The guarantees in (i) and (ii) above are related to loans whereby Hometown
is required to pay the remaining loan balance upon default by the customer. As
of December 31, 2002, Hometown has reserved $70,000 against a total maximum
payout of $136,000 for these loans. The reserve amount represents loans that are
currently delinquent. Hometown would expect to realize proceeds from the sale of
these vehicles upon repossession of such vehicle.

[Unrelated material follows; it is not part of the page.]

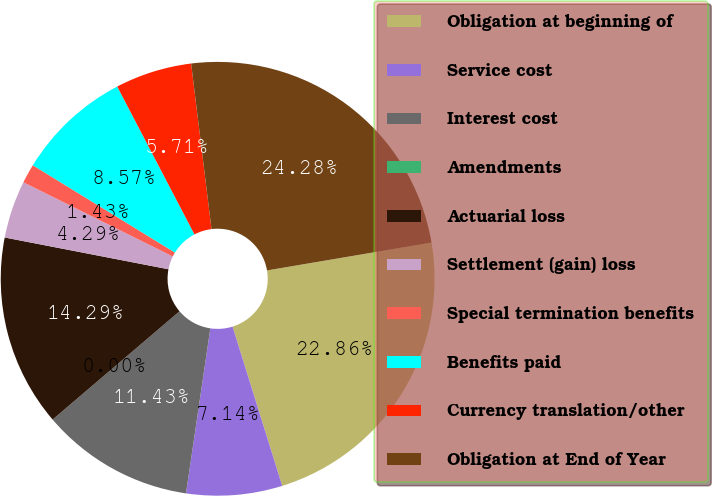<chart> <loc_0><loc_0><loc_500><loc_500><pie_chart><fcel>Obligation at beginning of<fcel>Service cost<fcel>Interest cost<fcel>Amendments<fcel>Actuarial loss<fcel>Settlement (gain) loss<fcel>Special termination benefits<fcel>Benefits paid<fcel>Currency translation/other<fcel>Obligation at End of Year<nl><fcel>22.86%<fcel>7.14%<fcel>11.43%<fcel>0.0%<fcel>14.29%<fcel>4.29%<fcel>1.43%<fcel>8.57%<fcel>5.71%<fcel>24.28%<nl></chart>

The amount of proceeds, if
any, is undetermined due to not knowing the condition of the vehicles.


F-32


The same dealership during fiscal 2000 and 2001 partially guaranteed 52
loans totaling approximately $600,000 advanced by Ford Motor Credit Co. to a
certain limousine customer. As of December 31, 2002, Hometown has reserved $0
against a total maximum payout of $600,000 for these loans. Hometown has not
reserved for these loans due to the expected fair value of the vehicles
approximating or exceeding the unamortized portion of the loan balance.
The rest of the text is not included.